◆ WHAT YOU HAVE TO DO
Omit the images and output every line of the data below exactly.

SUPPLIED DATA: Begin

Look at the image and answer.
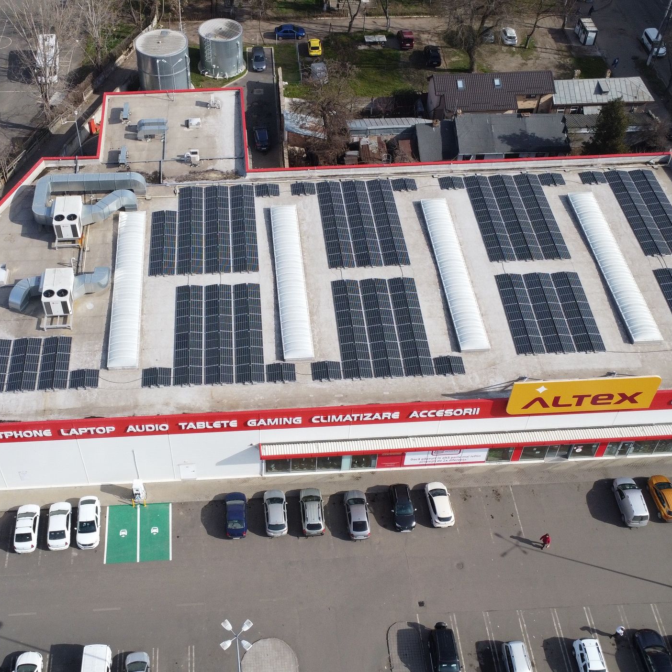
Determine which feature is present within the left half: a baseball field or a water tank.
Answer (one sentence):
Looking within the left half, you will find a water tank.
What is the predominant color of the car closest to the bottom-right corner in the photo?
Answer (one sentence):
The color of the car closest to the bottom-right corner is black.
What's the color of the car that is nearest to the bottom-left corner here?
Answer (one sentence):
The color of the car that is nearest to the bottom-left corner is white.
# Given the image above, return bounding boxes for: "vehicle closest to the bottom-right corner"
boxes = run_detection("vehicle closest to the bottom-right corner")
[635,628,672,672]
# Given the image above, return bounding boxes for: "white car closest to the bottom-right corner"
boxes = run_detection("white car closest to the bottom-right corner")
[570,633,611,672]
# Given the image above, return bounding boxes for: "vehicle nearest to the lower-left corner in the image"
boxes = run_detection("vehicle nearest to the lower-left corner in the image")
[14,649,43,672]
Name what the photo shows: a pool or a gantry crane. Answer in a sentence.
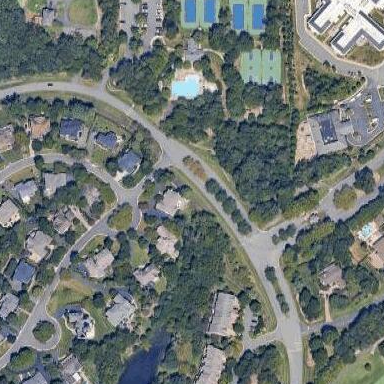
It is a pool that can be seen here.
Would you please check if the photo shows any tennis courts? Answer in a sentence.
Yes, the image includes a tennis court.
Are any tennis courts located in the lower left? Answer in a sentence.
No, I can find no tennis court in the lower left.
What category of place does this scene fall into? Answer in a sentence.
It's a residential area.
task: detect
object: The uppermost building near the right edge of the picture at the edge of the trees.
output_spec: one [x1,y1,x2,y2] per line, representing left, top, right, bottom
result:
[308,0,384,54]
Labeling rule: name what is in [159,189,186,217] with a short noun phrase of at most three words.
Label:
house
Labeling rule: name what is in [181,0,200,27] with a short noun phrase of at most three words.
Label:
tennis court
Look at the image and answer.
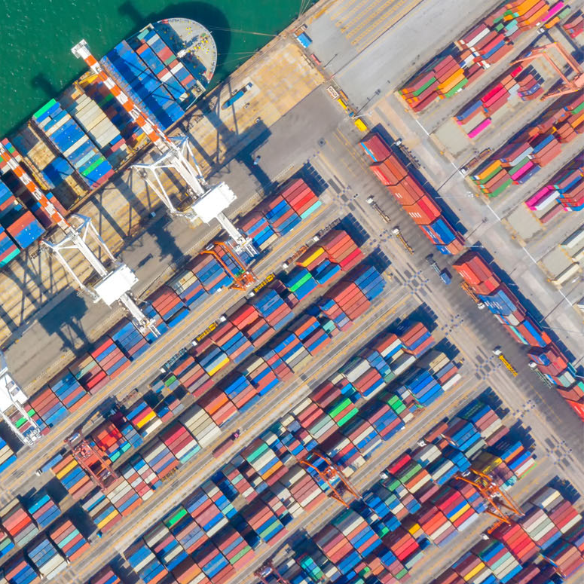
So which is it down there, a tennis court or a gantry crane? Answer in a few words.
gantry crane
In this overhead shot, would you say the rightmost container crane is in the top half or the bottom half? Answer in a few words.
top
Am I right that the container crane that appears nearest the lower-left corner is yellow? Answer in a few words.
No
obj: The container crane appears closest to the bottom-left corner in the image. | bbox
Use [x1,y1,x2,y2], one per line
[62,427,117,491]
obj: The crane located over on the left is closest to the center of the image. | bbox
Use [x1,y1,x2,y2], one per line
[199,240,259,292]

SUPPLIED DATA: End

◆ RESPONSE BOX
Look at the image and answer.
Determine which feature is present within the left half: a baseball field or a water tank.
Answer (one sentence):
Looking within the left half, you will find a water tank.
What is the predominant color of the car closest to the bottom-right corner in the photo?
Answer (one sentence):
The color of the car closest to the bottom-right corner is black.
What's the color of the car that is nearest to the bottom-left corner here?
Answer (one sentence):
The color of the car that is nearest to the bottom-left corner is white.
# Given the image above, return bounding boxes for: "vehicle closest to the bottom-right corner"
boxes = run_detection("vehicle closest to the bottom-right corner")
[635,628,672,672]
# Given the image above, return bounding boxes for: "white car closest to the bottom-right corner"
boxes = run_detection("white car closest to the bottom-right corner")
[570,633,611,672]
# Given the image above, return bounding boxes for: "vehicle nearest to the lower-left corner in the image"
boxes = run_detection("vehicle nearest to the lower-left corner in the image")
[14,649,43,672]
Name what the photo shows: a pool or a gantry crane. Answer in a sentence.
It is a pool that can be seen here.
Would you please check if the photo shows any tennis courts? Answer in a sentence.
Yes, the image includes a tennis court.
Are any tennis courts located in the lower left? Answer in a sentence.
No, I can find no tennis court in the lower left.
What category of place does this scene fall into? Answer in a sentence.
It's a residential area.
task: detect
object: The uppermost building near the right edge of the picture at the edge of the trees.
output_spec: one [x1,y1,x2,y2] per line, representing left, top, right, bottom
result:
[308,0,384,54]
Labeling rule: name what is in [159,189,186,217] with a short noun phrase of at most three words.
Label:
house
Labeling rule: name what is in [181,0,200,27] with a short noun phrase of at most three words.
Label:
tennis court
Look at the image and answer.
So which is it down there, a tennis court or a gantry crane? Answer in a few words.
gantry crane
In this overhead shot, would you say the rightmost container crane is in the top half or the bottom half? Answer in a few words.
top
Am I right that the container crane that appears nearest the lower-left corner is yellow? Answer in a few words.
No
obj: The container crane appears closest to the bottom-left corner in the image. | bbox
Use [x1,y1,x2,y2], one per line
[62,427,117,491]
obj: The crane located over on the left is closest to the center of the image. | bbox
Use [x1,y1,x2,y2], one per line
[199,240,259,292]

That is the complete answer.